- Saved entries
-=-=-=-=-
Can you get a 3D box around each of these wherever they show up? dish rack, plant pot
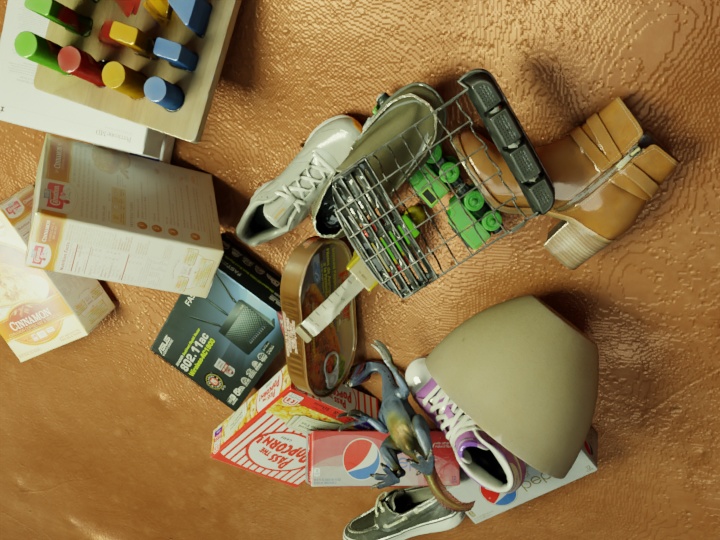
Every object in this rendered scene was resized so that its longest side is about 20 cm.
[{"bbox_3d":[0.077,-0.076,0.731,0.197,0.055,0.155,-32,99,8],"label":"dish rack"},{"bbox_3d":[0.188,0.109,0.852,0.198,0.200,0.136,36,98,-5],"label":"plant pot"}]

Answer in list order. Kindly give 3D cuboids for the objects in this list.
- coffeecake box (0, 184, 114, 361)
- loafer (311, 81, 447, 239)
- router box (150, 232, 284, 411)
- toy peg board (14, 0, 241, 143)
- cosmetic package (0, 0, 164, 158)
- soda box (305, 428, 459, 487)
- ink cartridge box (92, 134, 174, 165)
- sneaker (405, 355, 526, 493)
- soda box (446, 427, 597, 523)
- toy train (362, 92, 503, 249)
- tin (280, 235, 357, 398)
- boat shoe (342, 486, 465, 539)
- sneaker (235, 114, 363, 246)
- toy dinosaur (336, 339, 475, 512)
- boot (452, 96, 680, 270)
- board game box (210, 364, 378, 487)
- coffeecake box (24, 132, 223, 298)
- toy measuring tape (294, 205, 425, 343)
[{"bbox_3d":[-0.464,0.008,1.059,0.151,0.073,0.203,-19,111,29],"label":"coffeecake box"},{"bbox_3d":[0.016,-0.101,0.783,0.075,0.070,0.201,36,116,-5],"label":"loafer"},{"bbox_3d":[-0.175,0.074,1.013,0.148,0.062,0.201,35,125,-3],"label":"router box"},{"bbox_3d":[-0.237,-0.260,0.765,0.194,0.098,0.205,19,95,8],"label":"toy peg board"},{"bbox_3d":[-0.306,-0.223,0.852,0.195,0.052,0.155,14,92,9],"label":"cosmetic package"},{"bbox_3d":[0.028,0.241,0.983,0.194,0.063,0.072,2,79,-11],"label":"soda box"},{"bbox_3d":[-0.282,-0.142,0.941,0.093,0.037,0.203,23,122,4],"label":"ink cartridge box"},{"bbox_3d":[0.120,0.179,0.914,0.200,0.114,0.073,45,99,20],"label":"sneaker"},{"bbox_3d":[0.207,0.250,0.986,0.199,0.064,0.068,-37,103,31],"label":"soda box"},{"bbox_3d":[0.078,-0.106,0.829,0.056,0.042,0.200,-41,101,18],"label":"toy train"},{"bbox_3d":[-0.049,0.056,0.927,0.041,0.111,0.205,15,120,34],"label":"tin"},{"bbox_3d":[0.053,0.345,1.095,0.196,0.071,0.065,-24,111,20],"label":"boat shoe"},{"bbox_3d":[-0.066,-0.090,0.862,0.076,0.092,0.199,43,123,-9],"label":"sneaker"},{"bbox_3d":[0.039,0.190,0.945,0.104,0.183,0.201,-32,113,13],"label":"toy dinosaur"},{"bbox_3d":[0.204,-0.113,0.768,0.199,0.077,0.156,42,119,1],"label":"boot"},{"bbox_3d":[-0.091,0.217,1.047,0.149,0.047,0.200,27,129,-28],"label":"board game box"},{"bbox_3d":[-0.264,-0.061,0.860,0.195,0.155,0.074,12,126,-26],"label":"coffeecake box"},{"bbox_3d":[0.000,0.000,0.881,0.074,0.074,0.200,44,90,-11],"label":"toy measuring tape"}]
-=-=-=-=-
- Try it
Leave out every line above except those from the line with "- board game box (210, 364, 378, 487)" up to and including the line with "- coffeecake box (24, 132, 223, 298)", and copy those exactly.

- Completed exercise
- board game box (210, 364, 378, 487)
- coffeecake box (24, 132, 223, 298)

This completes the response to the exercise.